Start of DATASET CONTENT
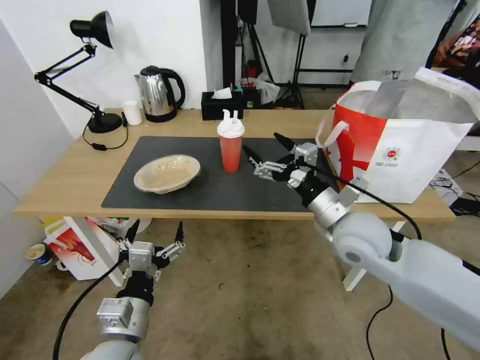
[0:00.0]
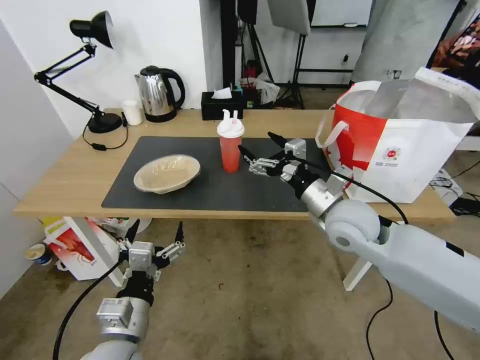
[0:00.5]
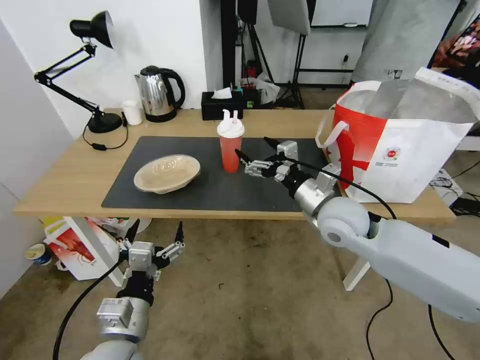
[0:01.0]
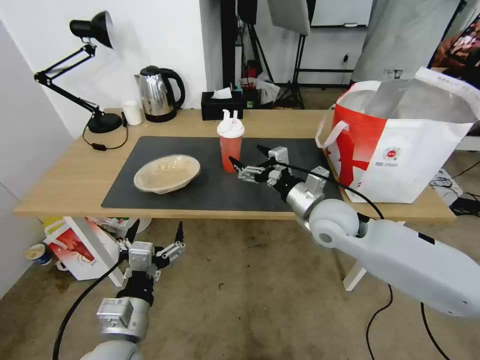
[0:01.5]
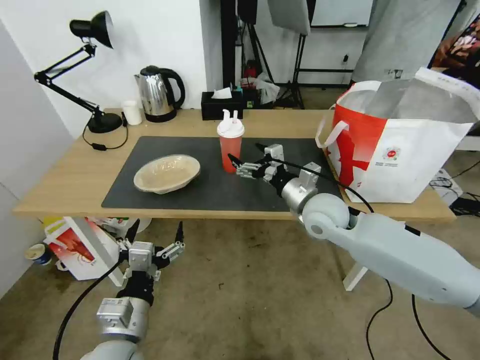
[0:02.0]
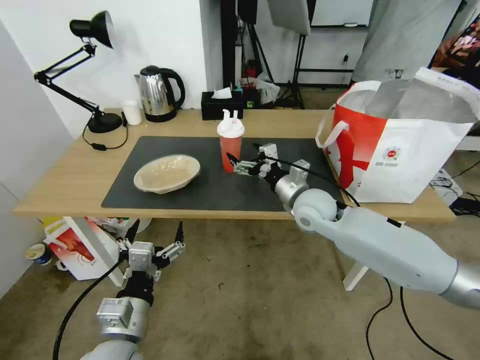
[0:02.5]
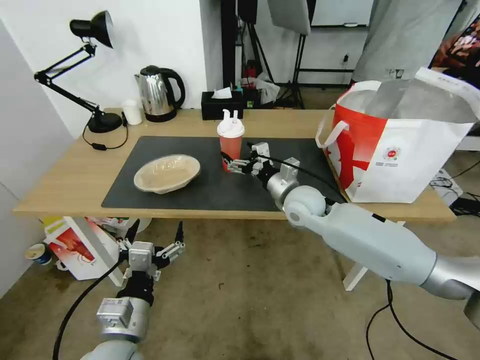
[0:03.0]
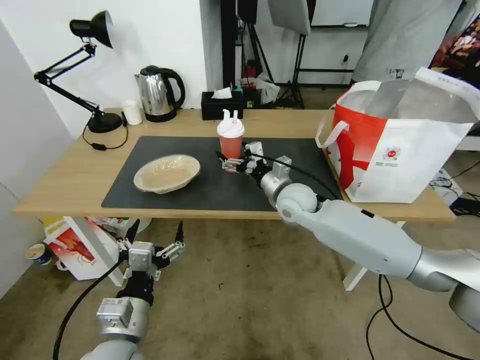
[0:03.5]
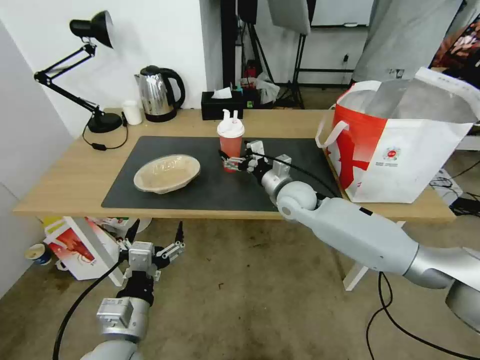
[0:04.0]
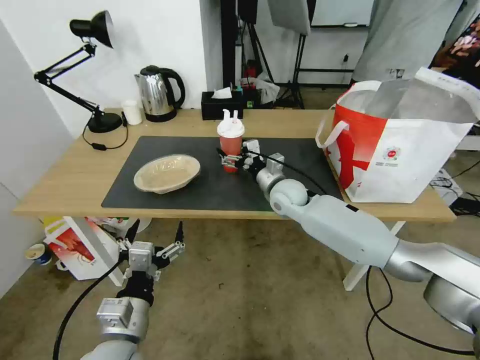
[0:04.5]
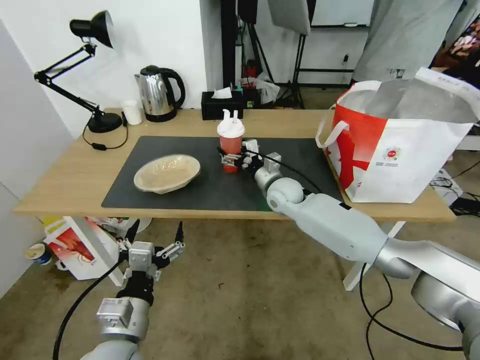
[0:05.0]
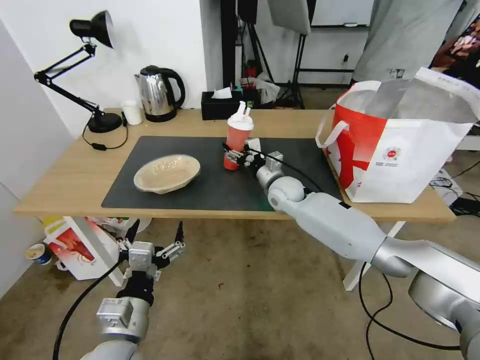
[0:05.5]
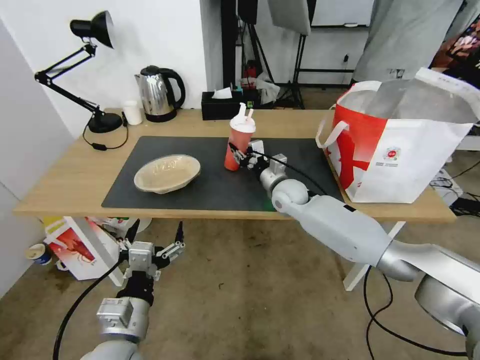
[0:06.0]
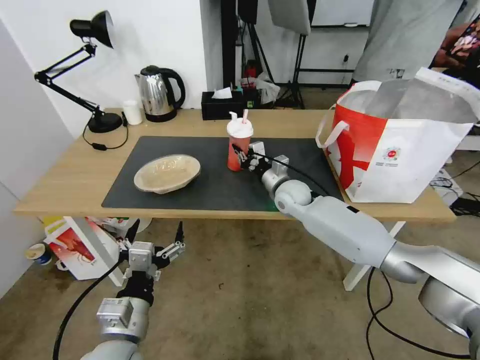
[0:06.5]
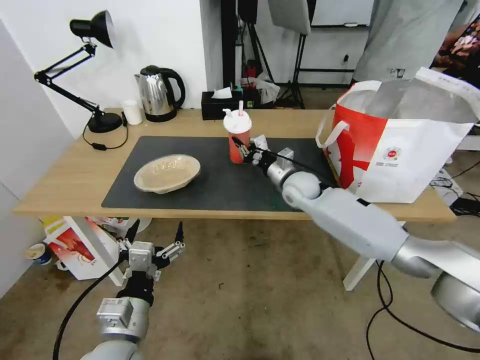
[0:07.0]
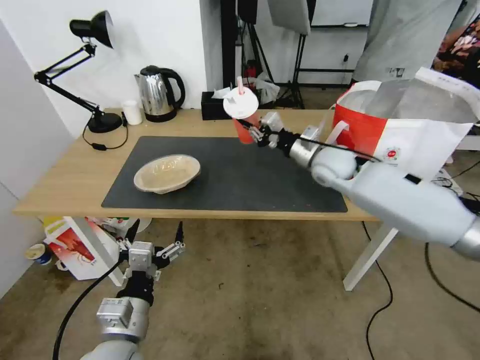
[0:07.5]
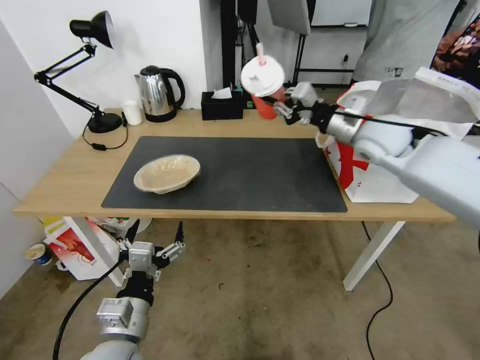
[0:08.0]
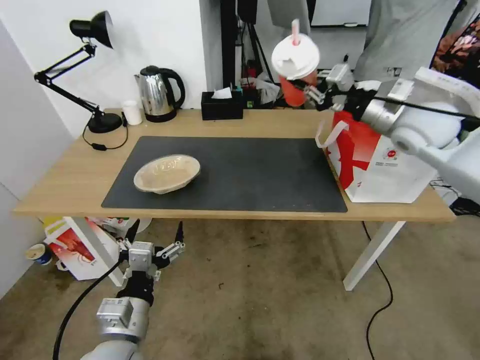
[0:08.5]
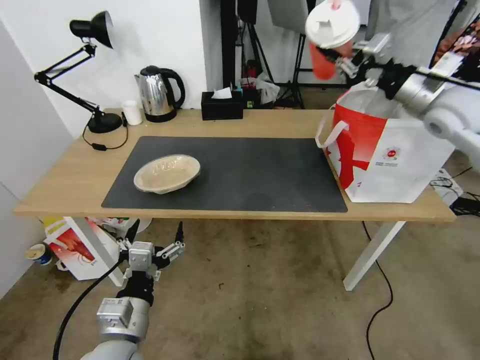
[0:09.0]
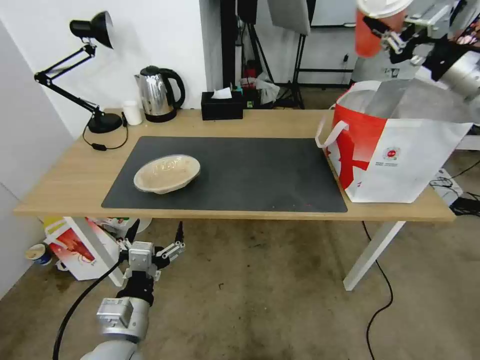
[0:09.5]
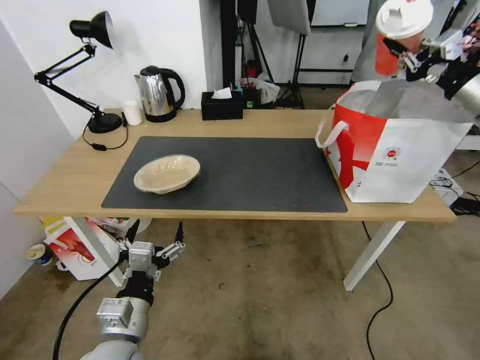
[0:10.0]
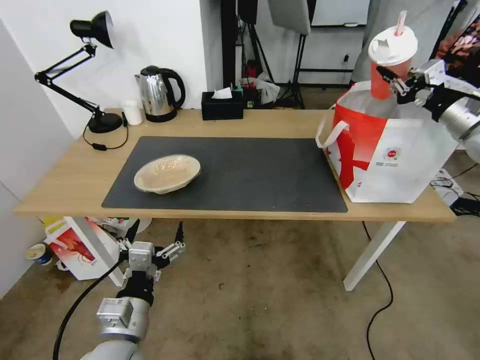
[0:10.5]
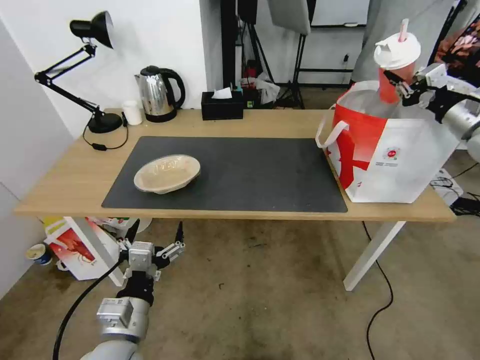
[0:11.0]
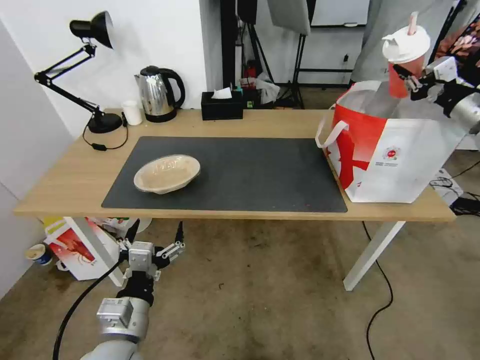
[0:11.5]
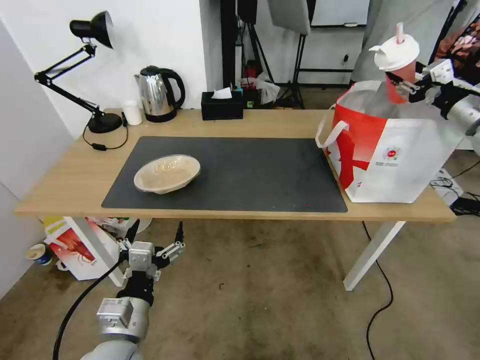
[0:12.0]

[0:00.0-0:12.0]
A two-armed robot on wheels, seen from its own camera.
End of DATASET CONTENT
-- TASK REQUIREMENTS --
In your copy of the entries above, leave out the pictures and keep every word exact.

-- SOLUTION TO THE PROBLEM --
[0:00.0]
[0:00.5]
[0:01.0]
[0:01.5]
[0:02.0]
[0:02.5]
[0:03.0]
[0:03.5]
[0:04.0]
[0:04.5]
[0:05.0]
[0:05.5]
[0:06.0]
[0:06.5]
[0:07.0]
[0:07.5]
[0:08.0]
[0:08.5]
[0:09.0]
[0:09.5]
[0:10.0]
[0:10.5]
[0:11.0]
[0:11.5]
[0:12.0]

[0:00.0-0:12.0]
A two-armed robot on wheels, seen from its own camera.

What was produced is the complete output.